Edited by Karen Schick

Prestel Publishing. 245 pages. £45. ISBN 978-3-7913-5711-9

Reviewed by Jim Burns

The striking self-portrait on the cover of this large catalogue for an exhibition of Anita Rée’s work at the Hamburger Kunsthalle is surely enough to arouse interest in an artist who is probably little-known in Britain. Born in 1885, she died in 1933. The latter date is particularly significant for reasons that will soon become obvious, if they aren’t already.
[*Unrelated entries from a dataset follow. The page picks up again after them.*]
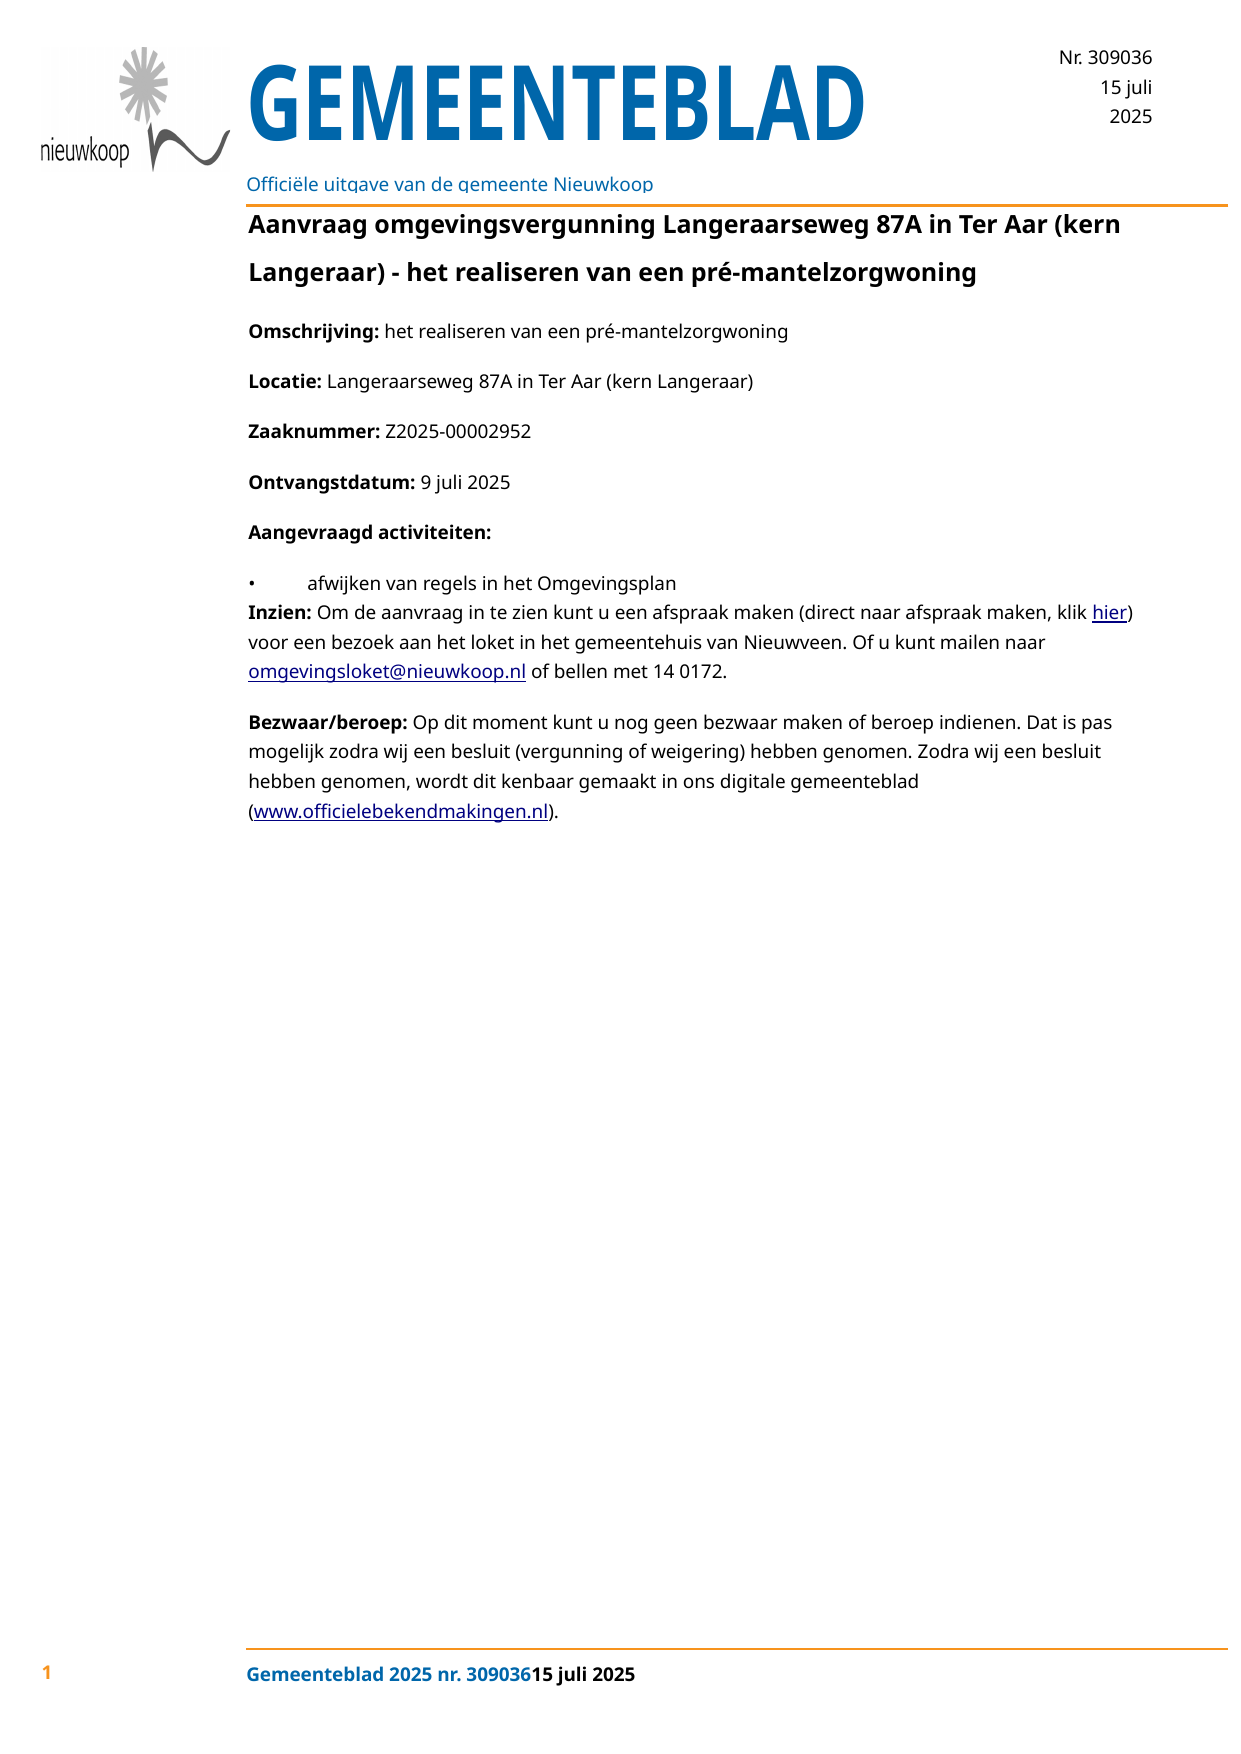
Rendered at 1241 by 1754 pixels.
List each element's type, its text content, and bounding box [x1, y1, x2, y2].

text Aangevraagd activiteiten: [248, 519, 1152, 545]
text Omschrijving: het realiseren van een pré-mantelzorgwoning [248, 318, 1152, 344]
text Ontvangstdatum: 9 juli 2025 [248, 469, 1152, 495]
picture [41, 47, 231, 172]
text Bezwaar/beroep: Op dit moment kunt u nog geen bezwaar maken of beroep indienen. Dat is pas mogelijk zodra wij een besluit (vergunning of weigering) hebben genomen. Zodra wij een besluit hebben genomen, wordt dit kenbaar gemaakt in ons digitale gemeenteblad (www.officielebekendmakingen.nl). [248, 709, 1152, 824]
text Locatie: Langeraarseweg 87A in Ter Aar (kern Langeraar) [248, 368, 1152, 394]
text Aanvraag omgevingsvergunning Langeraarseweg 87A in Ter Aar (kern Langeraar) - het realiseren van een pré-mantelzorgwoning [248, 207, 1152, 288]
list afwijken van regels in het Omgevingsplan [248, 570, 1152, 596]
text Inzien: Om de aanvraag in te zien kunt u een afspraak maken (direct naar afspraak maken, klik hier) voor een bezoek aan het loket in het gemeentehuis van Nieuwveen. Of u kunt mailen naar omgevingsloket@nieuwkoop.nl of bellen met 14 0172. [248, 599, 1152, 684]
text Zaaknummer: Z2025-00002952 [248, 419, 1152, 444]

Rée’s father was German-Jewish, but her mother, who came from Venezuela, is assumed to have been Catholic, though possibly with some Jewish blood in her background.  However, Rée and her sister were baptised and brought up as Protestants. She showed some aptitude for drawing and was encouraged by her father. Between 1904 and 1909 she studied with Arthur Siebelist, a Hamburg artist influenced by Impressionism. Among her fellow-students were Franz Nölken, and Friedrich Ahlers-Westerman. Rée later shared a studio with Nölken, but the association seems to have foundered because she wanted a deeper personal relationship than he was prepared to offer.
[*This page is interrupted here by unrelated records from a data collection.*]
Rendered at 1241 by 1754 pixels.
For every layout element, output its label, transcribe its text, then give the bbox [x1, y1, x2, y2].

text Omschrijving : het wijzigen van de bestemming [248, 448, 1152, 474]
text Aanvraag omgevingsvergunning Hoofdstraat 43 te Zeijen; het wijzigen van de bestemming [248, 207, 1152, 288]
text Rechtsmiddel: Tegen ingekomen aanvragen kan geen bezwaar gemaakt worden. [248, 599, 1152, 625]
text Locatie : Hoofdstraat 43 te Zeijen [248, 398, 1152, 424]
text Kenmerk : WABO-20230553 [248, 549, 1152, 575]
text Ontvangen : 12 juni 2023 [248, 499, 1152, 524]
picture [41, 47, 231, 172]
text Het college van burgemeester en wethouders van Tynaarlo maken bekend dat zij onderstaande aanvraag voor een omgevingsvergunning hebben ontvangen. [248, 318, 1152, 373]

Early works by Rée show her to be a competent artist working within well-established formats. A 1904 painting of a farmer with a cow doesn’t suggest any great originality, but as she was only nineteen or so, and probably still guided in some ways by Siebelist, she may not have been confident enough to express herself with any noticeable originality. A self-portrait from the same year, while again fairly conventional in composition, does attract attention because of the firmness of the colouring, and the determined expression on Rée’s face. It’s as if she’s striking a pose that says she’s going to follow her own aims and interests, come what may.
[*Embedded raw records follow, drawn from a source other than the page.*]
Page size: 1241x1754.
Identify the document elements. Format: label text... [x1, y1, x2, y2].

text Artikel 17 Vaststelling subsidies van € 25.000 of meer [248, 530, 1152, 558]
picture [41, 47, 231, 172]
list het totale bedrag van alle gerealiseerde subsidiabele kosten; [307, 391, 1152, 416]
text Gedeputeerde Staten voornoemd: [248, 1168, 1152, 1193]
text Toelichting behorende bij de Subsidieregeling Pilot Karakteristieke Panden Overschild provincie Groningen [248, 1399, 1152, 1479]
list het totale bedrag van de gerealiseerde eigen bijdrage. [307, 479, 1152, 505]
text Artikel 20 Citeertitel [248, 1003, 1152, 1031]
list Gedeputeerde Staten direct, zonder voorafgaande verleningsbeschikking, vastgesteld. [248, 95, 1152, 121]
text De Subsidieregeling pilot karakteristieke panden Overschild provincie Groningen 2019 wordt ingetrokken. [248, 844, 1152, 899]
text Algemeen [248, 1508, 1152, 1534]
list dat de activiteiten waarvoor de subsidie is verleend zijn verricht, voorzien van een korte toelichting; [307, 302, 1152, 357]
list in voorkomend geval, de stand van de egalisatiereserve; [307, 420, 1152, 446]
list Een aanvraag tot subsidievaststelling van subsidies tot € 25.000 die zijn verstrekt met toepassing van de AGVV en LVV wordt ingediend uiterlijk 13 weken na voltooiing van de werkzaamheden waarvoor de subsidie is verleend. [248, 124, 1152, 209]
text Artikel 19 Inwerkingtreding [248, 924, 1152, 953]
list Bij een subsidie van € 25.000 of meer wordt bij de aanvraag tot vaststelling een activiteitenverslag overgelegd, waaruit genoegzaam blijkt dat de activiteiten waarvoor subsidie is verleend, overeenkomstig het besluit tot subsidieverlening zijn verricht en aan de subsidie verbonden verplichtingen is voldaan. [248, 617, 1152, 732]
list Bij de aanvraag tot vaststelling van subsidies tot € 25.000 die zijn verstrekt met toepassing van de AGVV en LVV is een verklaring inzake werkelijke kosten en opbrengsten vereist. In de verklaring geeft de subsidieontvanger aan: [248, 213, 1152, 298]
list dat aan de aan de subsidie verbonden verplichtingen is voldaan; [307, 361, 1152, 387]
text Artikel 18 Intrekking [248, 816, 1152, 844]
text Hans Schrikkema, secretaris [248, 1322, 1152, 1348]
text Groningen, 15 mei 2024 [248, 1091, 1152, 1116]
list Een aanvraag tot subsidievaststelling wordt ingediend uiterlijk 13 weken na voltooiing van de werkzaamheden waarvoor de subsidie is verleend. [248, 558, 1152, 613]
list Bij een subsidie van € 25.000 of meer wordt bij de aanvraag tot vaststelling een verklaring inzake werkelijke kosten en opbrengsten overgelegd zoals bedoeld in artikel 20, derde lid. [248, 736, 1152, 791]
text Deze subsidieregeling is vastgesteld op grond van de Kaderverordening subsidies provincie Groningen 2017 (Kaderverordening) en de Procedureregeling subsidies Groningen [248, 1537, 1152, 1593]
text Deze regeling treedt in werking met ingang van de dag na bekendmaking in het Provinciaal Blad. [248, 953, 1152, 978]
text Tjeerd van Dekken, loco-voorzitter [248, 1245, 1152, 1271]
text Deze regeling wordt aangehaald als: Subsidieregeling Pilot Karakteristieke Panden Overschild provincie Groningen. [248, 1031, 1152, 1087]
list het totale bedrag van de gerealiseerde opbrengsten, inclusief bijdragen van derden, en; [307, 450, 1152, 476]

What is obvious in these early canvases and sketches is that she was, in Carl Georg Heise’s words (as quoted by Sophia Colditz), “a brilliant draughtswoman”. She may later have deviated from direct representations of human faces and figures, but she could clearly function within a framework of portraiture that related to a familiar tradition whenever she chose to. This was, of course, useful when fulfilling commissions from patrons who expected a straightforward representation of the subject.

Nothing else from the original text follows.